*** Given records Section Begins ***

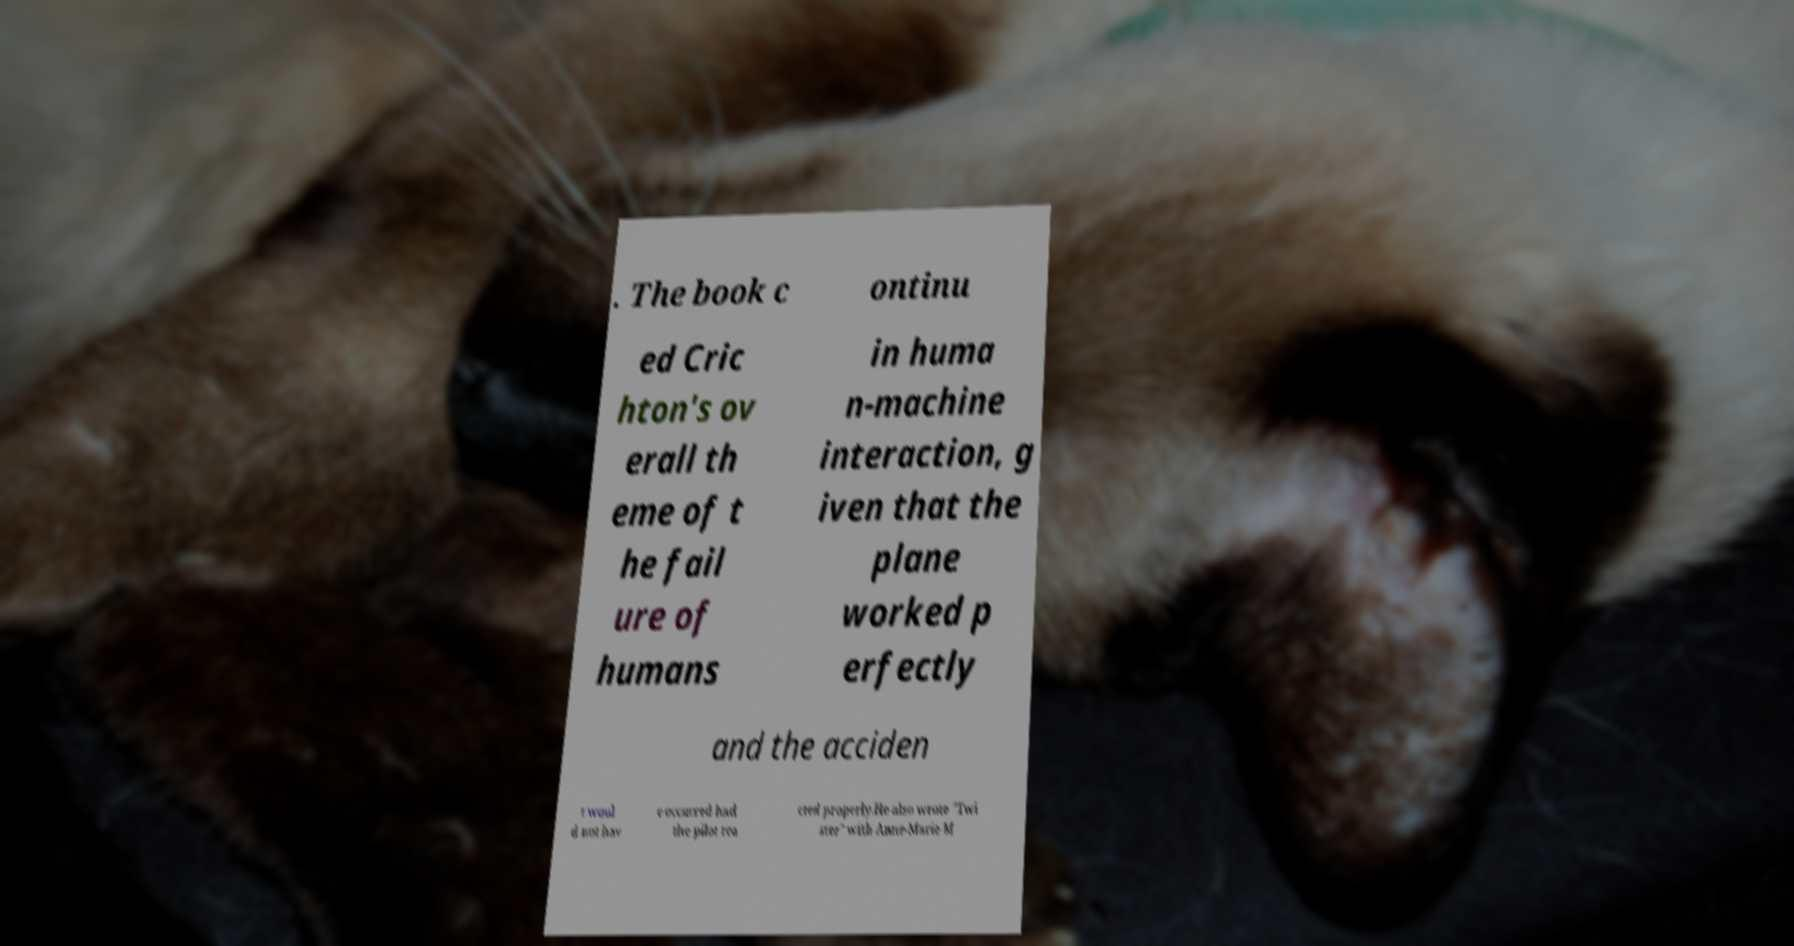For documentation purposes, I need the text within this image transcribed. Could you provide that? . The book c ontinu ed Cric hton's ov erall th eme of t he fail ure of humans in huma n-machine interaction, g iven that the plane worked p erfectly and the acciden t woul d not hav e occurred had the pilot rea cted properly.He also wrote "Twi ster" with Anne-Marie M 
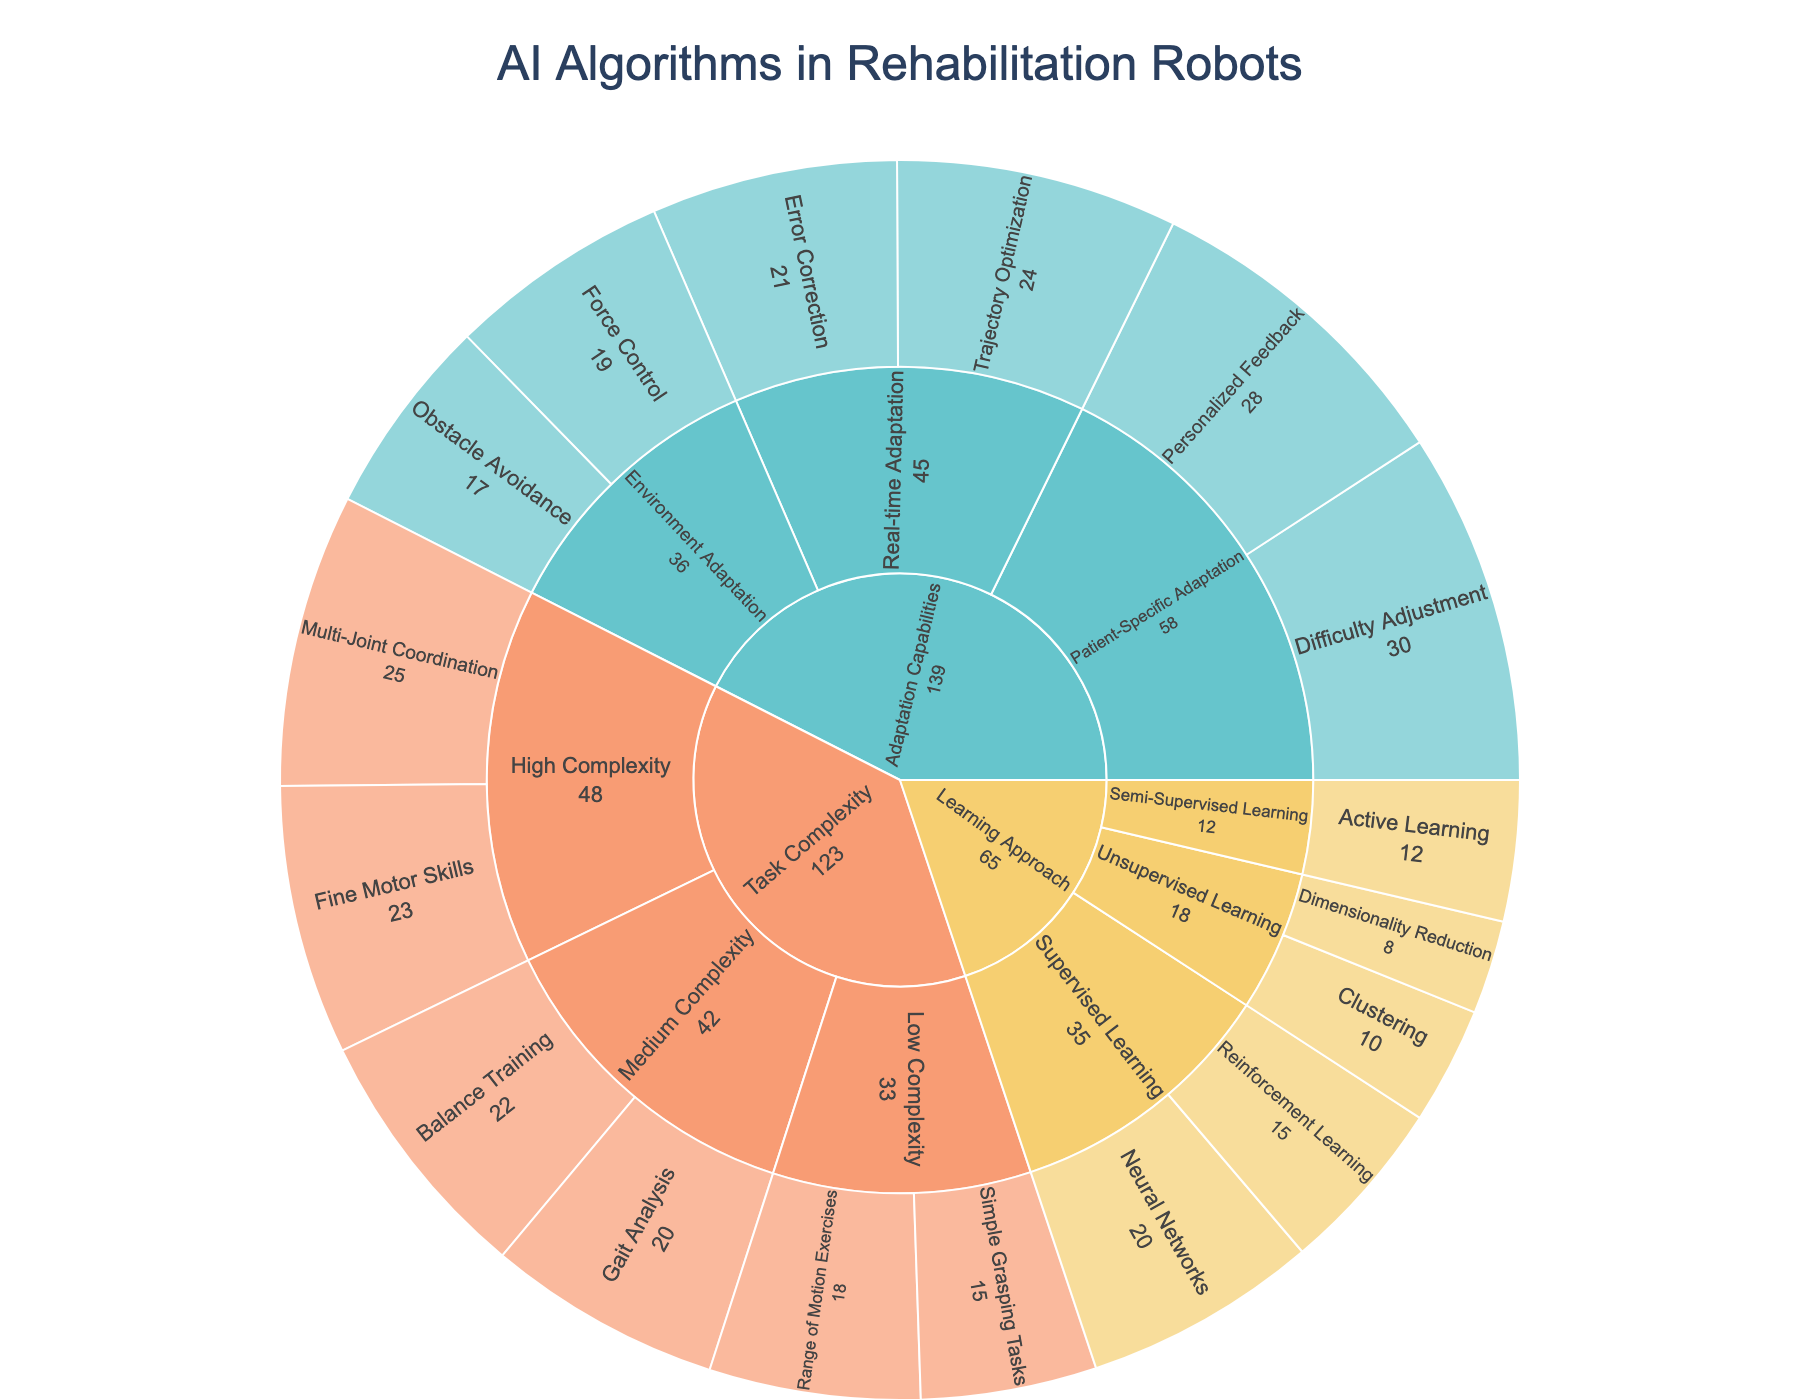How many learning approaches are represented in the plot? The innermost layer of the plot indicates learning approaches. By visually counting, there are three learning approaches: Supervised Learning, Unsupervised Learning, and Semi-Supervised Learning.
Answer: 3 Which subcategory within Task Complexity has the highest value, and what is the value? For Task Complexity, the categories are Low Complexity, Medium Complexity, and High Complexity. Within each of these, we identify subcategories. By comparing their values, High Complexity's Multi-Joint Coordination has the highest value of 25.
Answer: Multi-Joint Coordination, 25 What is the total value for Patient-Specific Adaptation within Adaptation Capabilities? Patient-Specific Adaptation includes Difficulty Adjustment and Personalized Feedback. By summing their values (30 + 28), the total is 58.
Answer: 58 Compare the values of Obstacle Avoidance and Force Control in terms of Environment Adaptation. Which one is higher and by how much? Within Environment Adaptation, Obstacle Avoidance has a value of 17 and Force Control has a value of 19. The difference is 19 - 17, which means Force Control is higher by 2.
Answer: Force Control by 2 Which learning approach has the highest combined value of its subcategories, and what is the total value? Add up the values of subcategories for each learning approach:
Supervised Learning (15 + 20 = 35), Unsupervised Learning (10 + 8 = 18), Semi-Supervised Learning (12). 
The highest combined value is for Supervised Learning, totaling 35.
Answer: Supervised Learning, 35 How do the values of Error Correction and Trajectory Optimization compare in terms of Real-time Adaptation? Within Real-time Adaptation, the subcategories Error Correction has a value of 21 and Trajectory Optimization has 24. Trajectory Optimization has a higher value by 3.
Answer: Trajectory Optimization by 3 Which Adaptation Capabilities subcategory has the lowest value and what is it? By examining the subcategories within Adaptation Capabilities, Obstacle Avoidance has the lowest value of 17.
Answer: Obstacle Avoidance, 17 What is the average value for the learning approaches? The values for different learning approaches are 35 for Supervised Learning, 18 for Unsupervised Learning, and 12 for Semi-Supervised Learning. The average is (35 + 18 + 12) / 3 = 65 / 3 ≈ 21.67.
Answer: 21.67 What's the percentage contribution of Range of Motion Exercises to the total value of Task Complexity? First, find the total value for Task Complexity by summing all subcategory values (18 + 15 + 22 + 20 + 25 + 23 = 123). Then, calculate the percentage for Range of Motion Exercises, which is (18 / 123) * 100 ≈ 14.63%.
Answer: 14.63% Which subcategory has the highest value within the entire plot? By examining all subcategories in detail, Difficulty Adjustment has the highest value of 30 within Patient-Specific Adaptation.
Answer: Difficulty Adjustment, 30

*** Given records Section Ends ***

- Problem to solve: Could the entries above be written out word for word, with no pictures?

- Result of the task:
For documentation purposes, I need the text within this image transcribed. Could you provide that? . The book c ontinu ed Cric hton's ov erall th eme of t he fail ure of humans in huma n-machine interaction, g iven that the plane worked p erfectly and the acciden t woul d not hav e occurred had the pilot rea cted properly.He also wrote "Twi ster" with Anne-Marie M 
How many learning approaches are represented in the plot? The innermost layer of the plot indicates learning approaches. By visually counting, there are three learning approaches: Supervised Learning, Unsupervised Learning, and Semi-Supervised Learning.
Answer: 3 Which subcategory within Task Complexity has the highest value, and what is the value? For Task Complexity, the categories are Low Complexity, Medium Complexity, and High Complexity. Within each of these, we identify subcategories. By comparing their values, High Complexity's Multi-Joint Coordination has the highest value of 25.
Answer: Multi-Joint Coordination, 25 What is the total value for Patient-Specific Adaptation within Adaptation Capabilities? Patient-Specific Adaptation includes Difficulty Adjustment and Personalized Feedback. By summing their values (30 + 28), the total is 58.
Answer: 58 Compare the values of Obstacle Avoidance and Force Control in terms of Environment Adaptation. Which one is higher and by how much? Within Environment Adaptation, Obstacle Avoidance has a value of 17 and Force Control has a value of 19. The difference is 19 - 17, which means Force Control is higher by 2.
Answer: Force Control by 2 Which learning approach has the highest combined value of its subcategories, and what is the total value? Add up the values of subcategories for each learning approach:
Supervised Learning (15 + 20 = 35), Unsupervised Learning (10 + 8 = 18), Semi-Supervised Learning (12). 
The highest combined value is for Supervised Learning, totaling 35.
Answer: Supervised Learning, 35 How do the values of Error Correction and Trajectory Optimization compare in terms of Real-time Adaptation? Within Real-time Adaptation, the subcategories Error Correction has a value of 21 and Trajectory Optimization has 24. Trajectory Optimization has a higher value by 3.
Answer: Trajectory Optimization by 3 Which Adaptation Capabilities subcategory has the lowest value and what is it? By examining the subcategories within Adaptation Capabilities, Obstacle Avoidance has the lowest value of 17.
Answer: Obstacle Avoidance, 17 What is the average value for the learning approaches? The values for different learning approaches are 35 for Supervised Learning, 18 for Unsupervised Learning, and 12 for Semi-Supervised Learning. The average is (35 + 18 + 12) / 3 = 65 / 3 ≈ 21.67.
Answer: 21.67 What's the percentage contribution of Range of Motion Exercises to the total value of Task Complexity? First, find the total value for Task Complexity by summing all subcategory values (18 + 15 + 22 + 20 + 25 + 23 = 123). Then, calculate the percentage for Range of Motion Exercises, which is (18 / 123) * 100 ≈ 14.63%.
Answer: 14.63% Which subcategory has the highest value within the entire plot? By examining all subcategories in detail, Difficulty Adjustment has the highest value of 30 within Patient-Specific Adaptation.
Answer: Difficulty Adjustment, 30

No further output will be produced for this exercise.